Miguelito abandona la orquesta de Cugat por discusiones acerca del salario e ingresa en la famosa e importante orquesta de Frank Grillo, “Machito y sus Afrocubans” otro cubano ilustre, que el 2012 cumplió su centenario de nacido, el 16 de febrero de 1912, en La Habana, aunque hay algunos historiadores que lo reflejan nacido en Tampa y falleció en Londres el 16 de abril de 1984.

Miguelito estuvo varios años con esta orquesta y realizando grabaciones en general; vino a Cuba en numerosas ocasiones, actuando en los más populares programas de televisión. En 1947, convenció y le dio trabajo en su orquesta en Nueva York a su amigo, el legendario tumbador Luciano “Chano” Pozo, que después tocara con Dizzy Gillespie para alcanzar la inmortalidad por su aporte extraordinario al cu-bop y a la historia del jazz latino.

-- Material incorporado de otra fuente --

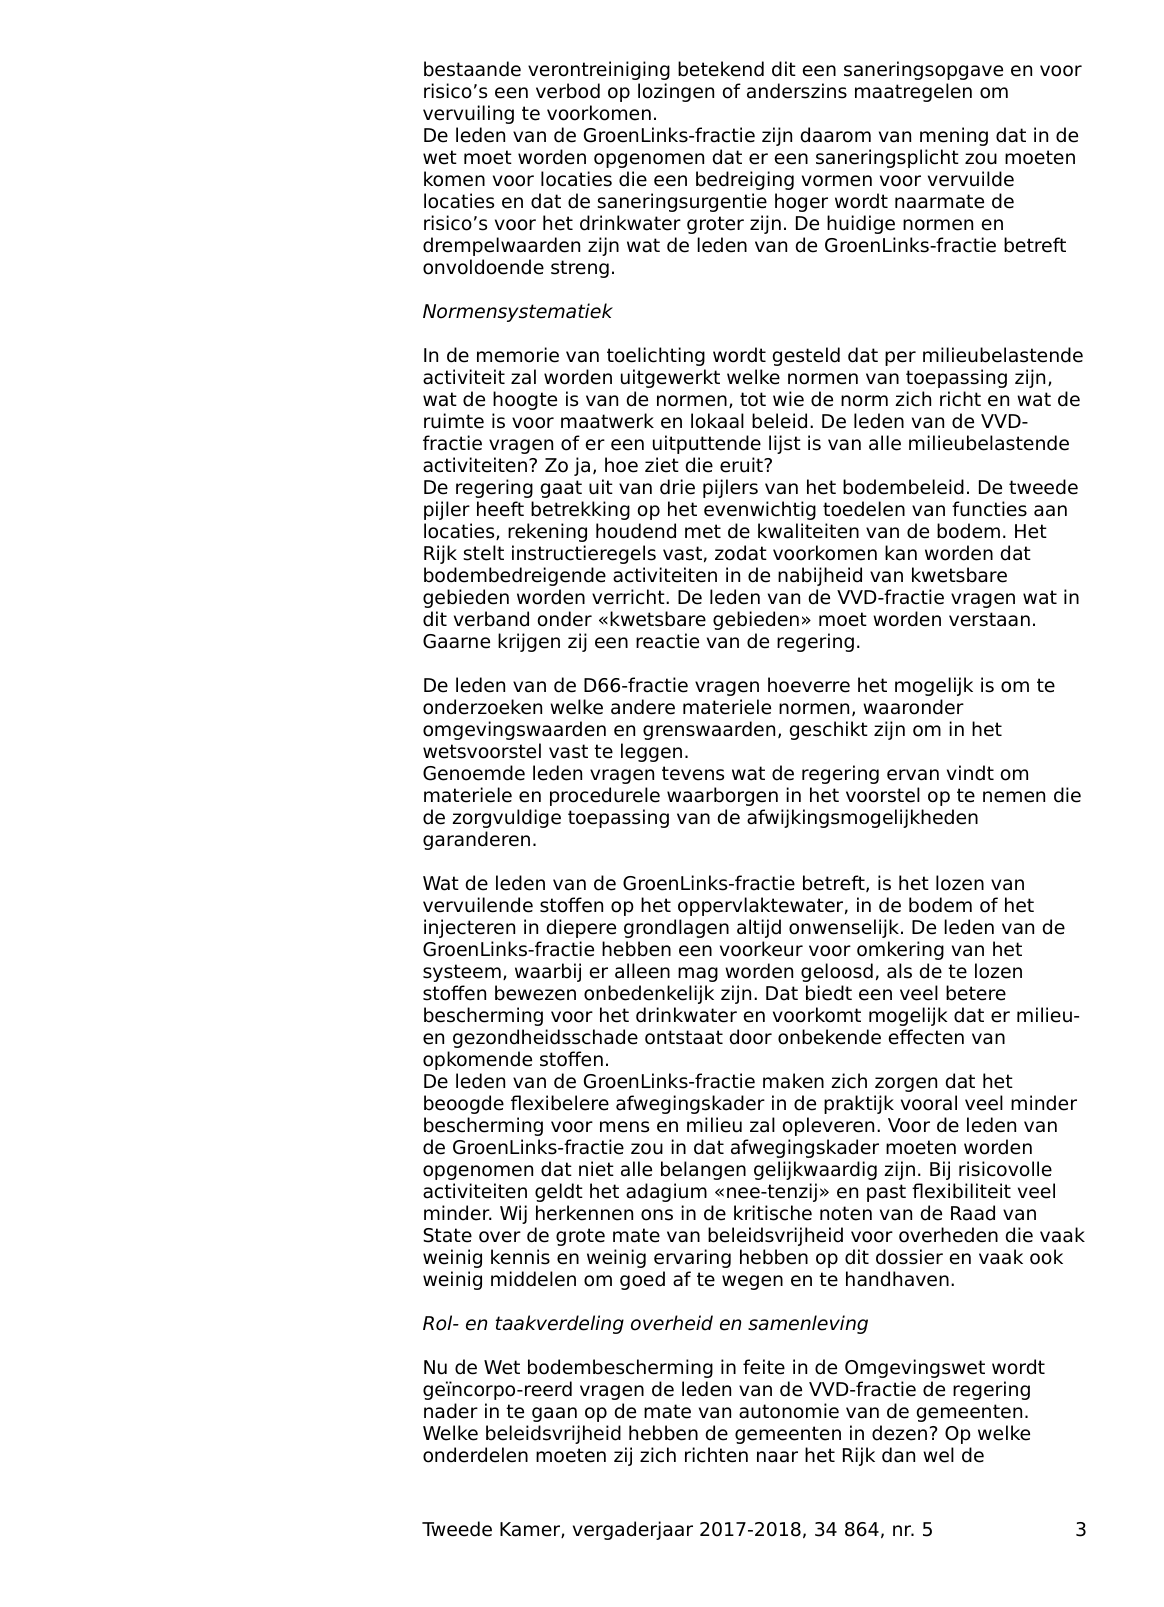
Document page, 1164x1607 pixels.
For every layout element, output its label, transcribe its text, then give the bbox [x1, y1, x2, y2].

subtitle Rol- en taakverdeling overheid en samenleving [422, 1313, 1087, 1335]
text De regering gaat uit van drie pijlers van het bodembeleid. De tweede pijler heeft betrekking op het evenwichtig toedelen van functies aan locaties, rekening houdend met de kwaliteiten van de bodem. Het Rijk stelt instructieregels vast, zodat voorkomen kan worden dat bodembedreigende activiteiten in de nabijheid van kwetsbare gebieden worden verricht. De leden van de VVD-fractie vragen wat in dit verband onder «kwetsbare gebieden» moet worden verstaan. Gaarne krijgen zij een reactie van de regering. [422, 477, 1087, 653]
text Nu de Wet bodembescherming in feite in de Omgevingswet wordt geïncorpo-reerd vragen de leden van de VVD-fractie de regering nader in te gaan op de mate van autonomie van de gemeenten. Welke beleidsvrijheid hebben de gemeenten in dezen? Op welke onderdelen moeten zij zich richten naar het Rijk dan wel de [422, 1357, 1087, 1467]
text Wat de leden van de GroenLinks-fractie betreft, is het lozen van vervuilende stoffen op het oppervlaktewater, in de bodem of het injecteren in diepere grondlagen altijd onwenselijk. De leden van de GroenLinks-fractie hebben een voorkeur voor omkering van het systeem, waarbij er alleen mag worden geloosd, als de te lozen stoffen bewezen onbedenkelijk zijn. Dat biedt een veel betere bescherming voor het drinkwater en voorkomt mogelijk dat er milieu- en gezondheidsschade ontstaat door onbekende effecten van opkomende stoffen. [422, 873, 1087, 1071]
text De leden van de D66-fractie vragen hoeverre het mogelijk is om te onderzoeken welke andere materiele normen, waaronder omgevingswaarden en grenswaarden, geschikt zijn om in het wetsvoorstel vast te leggen. [422, 675, 1087, 763]
text De leden van de GroenLinks-fractie maken zich zorgen dat het beoogde flexibelere afwegingskader in de praktijk vooral veel minder bescherming voor mens en milieu zal opleveren. Voor de leden van de GroenLinks-fractie zou in dat afwegingskader moeten worden opgenomen dat niet alle belangen gelijkwaardig zijn. Bij risicovolle activiteiten geldt het adagium «nee-tenzij» en past flexibiliteit veel minder. Wij herkennen ons in de kritische noten van de Raad van State over de grote mate van beleidsvrijheid voor overheden die vaak weinig kennis en weinig ervaring hebben op dit dossier en vaak ook weinig middelen om goed af te wegen en te handhaven. [422, 1071, 1087, 1291]
text Genoemde leden vragen tevens wat de regering ervan vindt om materiele en procedurele waarborgen in het voorstel op te nemen die de zorgvuldige toepassing van de afwijkingsmogelijkheden garanderen. [422, 763, 1087, 851]
text bestaande verontreiniging betekend dit een saneringsopgave en voor risico’s een verbod op lozingen of anderszins maatregelen om vervuiling te voorkomen. [422, 59, 1087, 125]
text In de memorie van toelichting wordt gesteld dat per milieubelastende activiteit zal worden uitgewerkt welke normen van toepassing zijn, wat de hoogte is van de normen, tot wie de norm zich richt en wat de ruimte is voor maatwerk en lokaal beleid. De leden van de VVD-fractie vragen of er een uitputtende lijst is van alle milieubelastende activiteiten? Zo ja, hoe ziet die eruit? [422, 345, 1087, 477]
text De leden van de GroenLinks-fractie zijn daarom van mening dat in de wet moet worden opgenomen dat er een saneringsplicht zou moeten komen voor locaties die een bedreiging vormen voor vervuilde locaties en dat de saneringsurgentie hoger wordt naarmate de risico’s voor het drinkwater groter zijn. De huidige normen en drempelwaarden zijn wat de leden van de GroenLinks-fractie betreft onvoldoende streng. [422, 125, 1087, 279]
subtitle Normensystematiek [422, 301, 1087, 323]

Fue un hombre franco y afable, que alcanzó la hermosa reputación de ayudar a todo aquel al que podía tender una mano. Cuando surgió la esperanza de que el Dr. Ramón Castro Viejo pudiera operar de la vista al Ciego Maravilloso de Güira de Macurijes, Arsenio Rodríguez, ahí estuvo Miguelito Valdés en primera fila, como lo estuvo también en darle una mano para comenzar su carrera al gran compositor manzanillero Julio Gutiérrez.

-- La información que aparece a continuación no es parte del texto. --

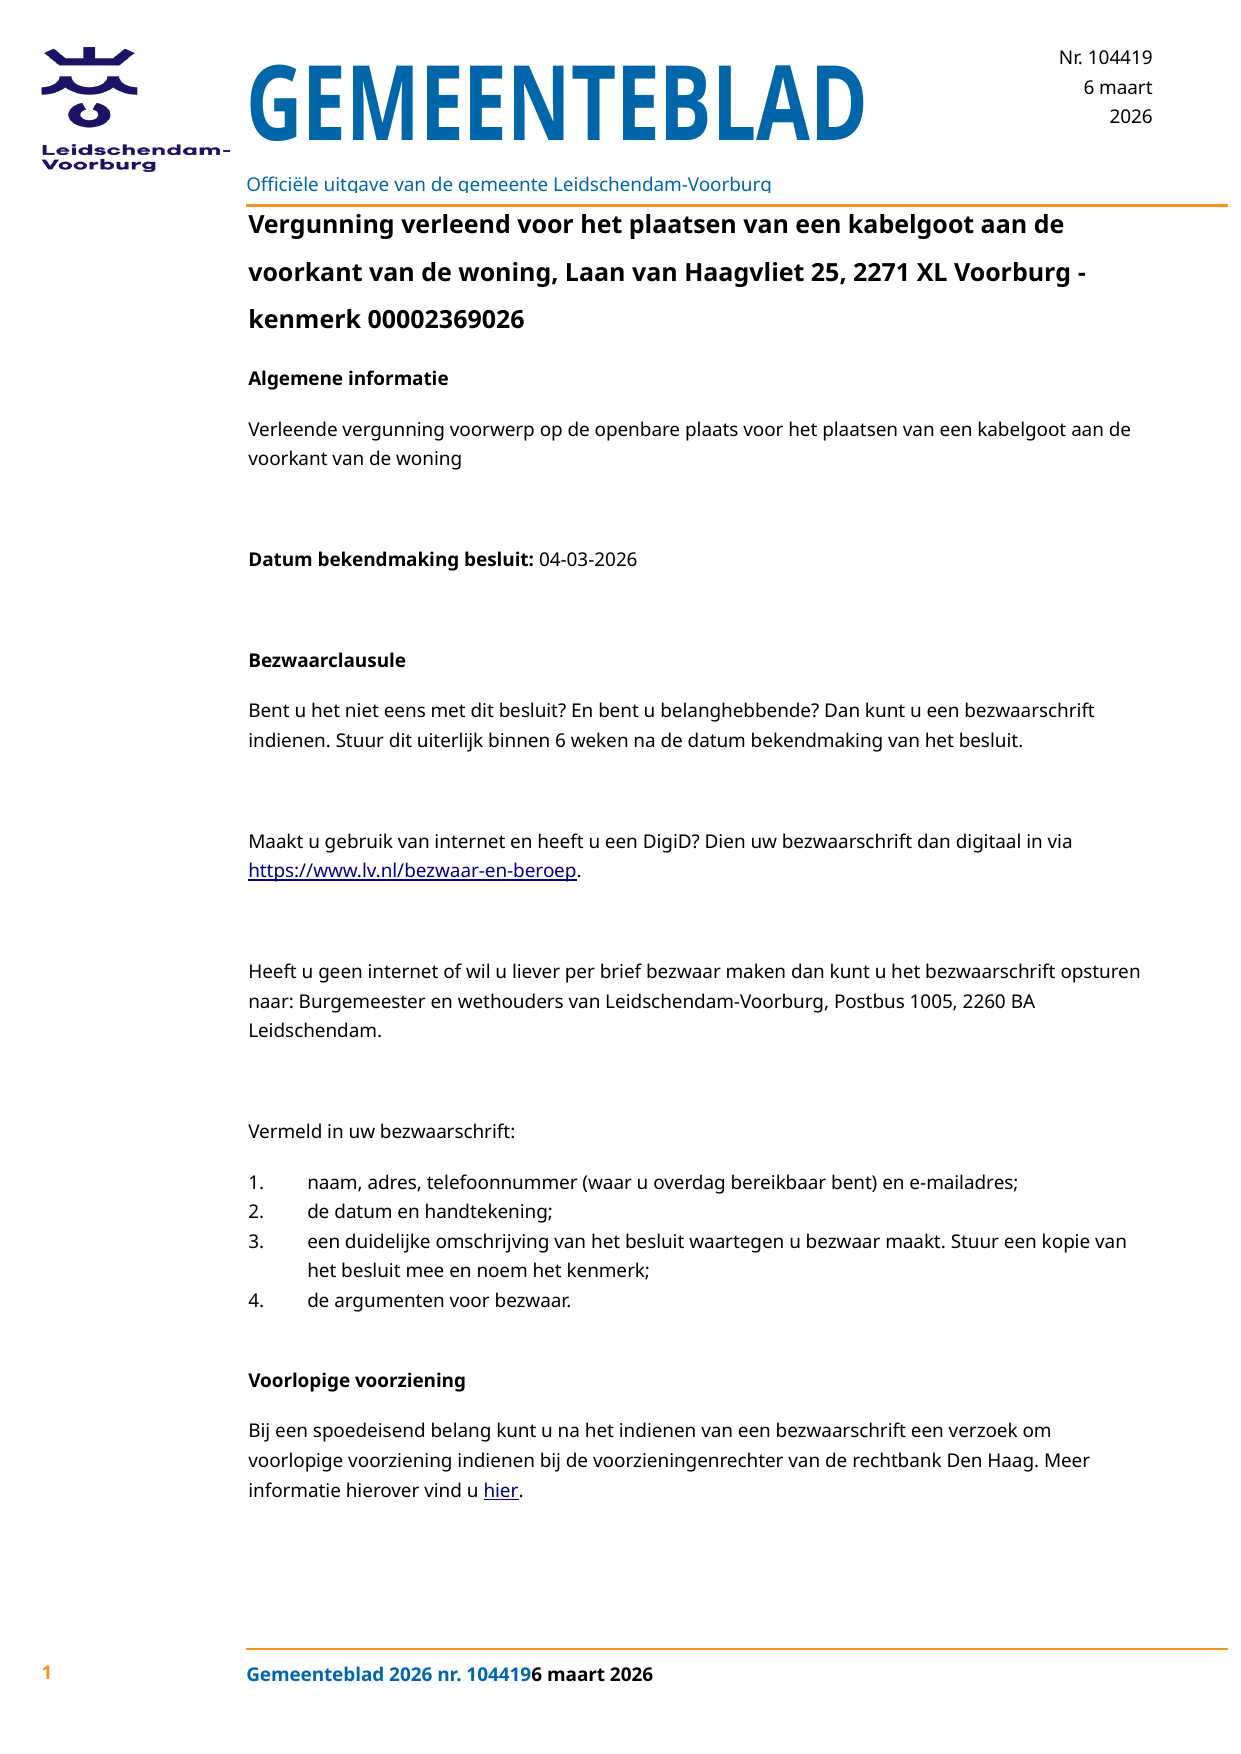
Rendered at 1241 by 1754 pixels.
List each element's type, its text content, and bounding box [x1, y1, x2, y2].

text Heeft u geen internet of wil u liever per brief bezwaar maken dan kunt u het bezwaarschrift opsturen naar: Burgemeester en wethouders van Leidschendam-Voorburg, Postbus 1005, 2260 BA Leidschendam. [248, 958, 1152, 1043]
text Algemene informatie [248, 366, 1152, 391]
list een duidelijke omschrijving van het besluit waartegen u bezwaar maakt. Stuur een kopie van het besluit mee en noem het kenmerk; [248, 1228, 1152, 1283]
text Maakt u gebruik van internet en heeft u een DigiD? Dien uw bezwaarschrift dan digitaal in via https://www.lv.nl/bezwaar-en-beroep. [248, 828, 1152, 883]
picture [41, 47, 231, 172]
list naam, adres, telefoonnummer (waar u overdag bereikbaar bent) en e-mailadres; [248, 1169, 1152, 1194]
text Verleende vergunning voorwerp op de openbare plaats voor het plaatsen van een kabelgoot aan de voorkant van de woning [248, 416, 1152, 471]
text Voorlopige voorziening [248, 1367, 1152, 1393]
list de datum en handtekening; [248, 1198, 1152, 1224]
text Bent u het niet eens met dit besluit? En bent u belanghebbende? Dan kunt u een bezwaarschrift indienen. Stuur dit uiterlijk binnen 6 weken na de datum bekendmaking van het besluit. [248, 698, 1152, 753]
text Bij een spoedeisend belang kunt u na het indienen van een bezwaarschrift een verzoek om voorlopige voorziening indienen bij de voorzieningenrechter van de rechtbank Den Haag. Meer informatie hierover vind u hier. [248, 1418, 1152, 1502]
text Datum bekendmaking besluit: 04-03-2026 [248, 546, 1152, 572]
text Vermeld in uw bezwaarschrift: [248, 1118, 1152, 1144]
text Vergunning verleend voor het plaatsen van een kabelgoot aan de voorkant van de woning, Laan van Haagvliet 25, 2271 XL Voorburg - kenmerk 00002369026 [248, 207, 1152, 336]
text Bezwaarclausule [248, 647, 1152, 673]
list de argumenten voor bezwaar. [248, 1287, 1152, 1313]

Sus discos ya habían caminado por varios países, dándole fama y prestigio, llegando a ser uno de los cantantes mejor pagados en el mundo latino de los años 50 en Nueva York y su carisma e histrionismo le consiguieron un lugar especial. Miguelito, que había hecho de la conga cubana una de sus más fuertes expresiones escénicas, salía con una tumbadora en bandolera y ya fuera correctamente vestido, con traje cuello y corbata, o con una camisa “guarachera”, actuaba de forma intensa, sin importarle terminar con el pelo sobre sus ojos, lo que al público le encantaba.

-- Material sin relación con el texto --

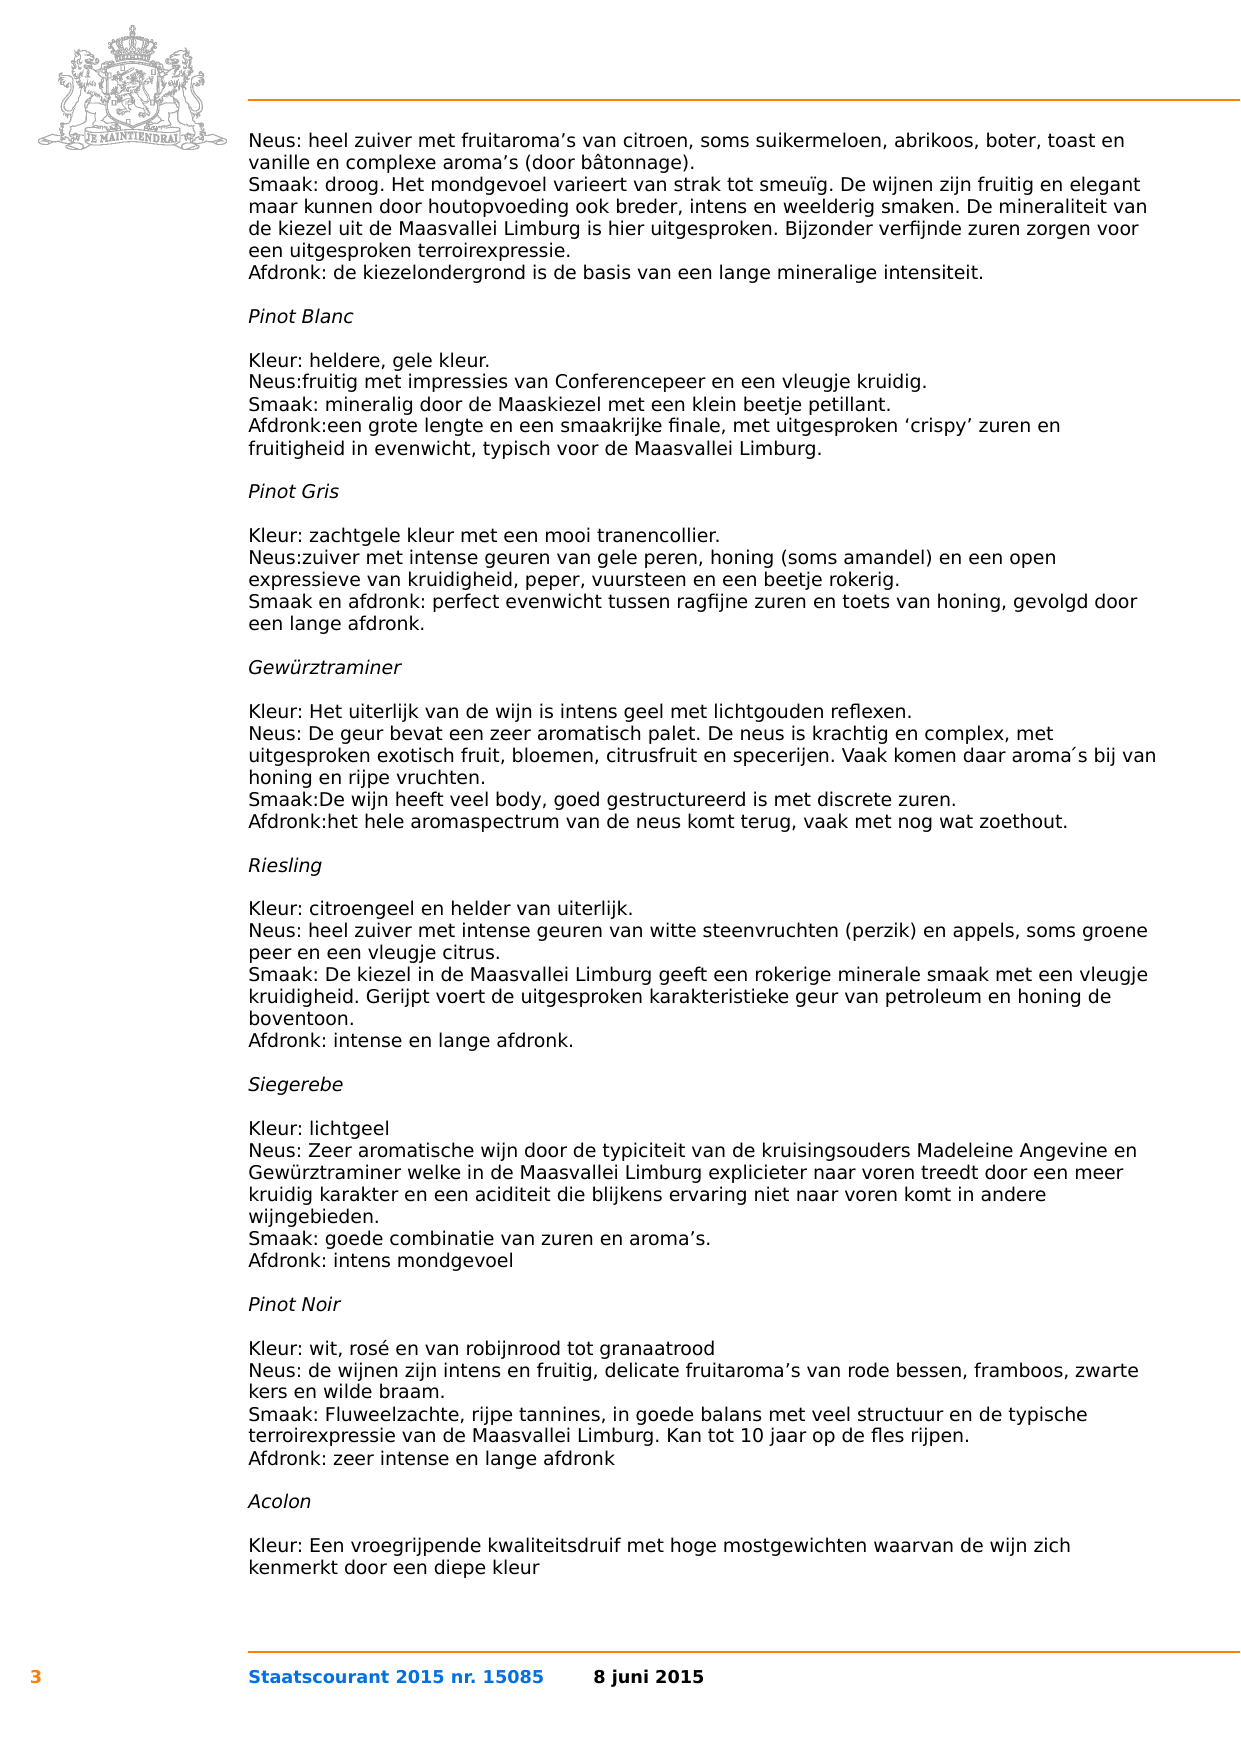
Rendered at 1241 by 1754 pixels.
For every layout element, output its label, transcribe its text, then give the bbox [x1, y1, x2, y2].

Como compositor, también tuvo éxitos como “Dolor cobarde”, “Loco de amor”, “Oriente”, “Vienen regando flores” el bellísimo tema de una de nuestras comparsas habaneras más famosas: “Las Jardineras”; “Los componedores” y como artista en general, ya era una relevante e indispensable personalidad en el mundo artístico cubano. Tropicana lo contrataba como atracción, al nivel de las grandes estrellas, tanto del patio como internacionales que prestigiaban al cabaret, entre los más exclusivos del mundo que a la vez, enriquecían su currículo al haber actuado en sus famosas pistas.

Ya la fama de Miguelito se había extendido y logró hacer plaza fuerte para sus éxitos a numerosos países de América Latina, por donde realizó varias giras. El 8 de noviembre de 1978, cuando contaba con 66 años y se mantenía activo como cantante, la muerte lo sorprendió en plena actuación en el Salón Rojo del Hotel Tequendama en Santa Fe de Bogotá en Colombia. Murió cantando, haciendo lo mismo que lo sacó de la pobreza y le dio fama y fortuna y estoy seguro que la muerte que tuvo, aun buscando el aplauso por el que tanto luchó, fue su mejor despedida. En Cuba se le recuerda poco, sólo los conocedores y estudiosos de la música cubana y su historia lo recuerdan como el gran difusor de nuestra música autóctona, que gracias a su talento y carisma y a su legitimidad como cubano, contribuyó a convertirla en una de nuestros más hermosos tesoros.

Fuentes: Cristóbal Díaz Ayala; Helio Orovio, Bladimir Zamora, archivo del autor.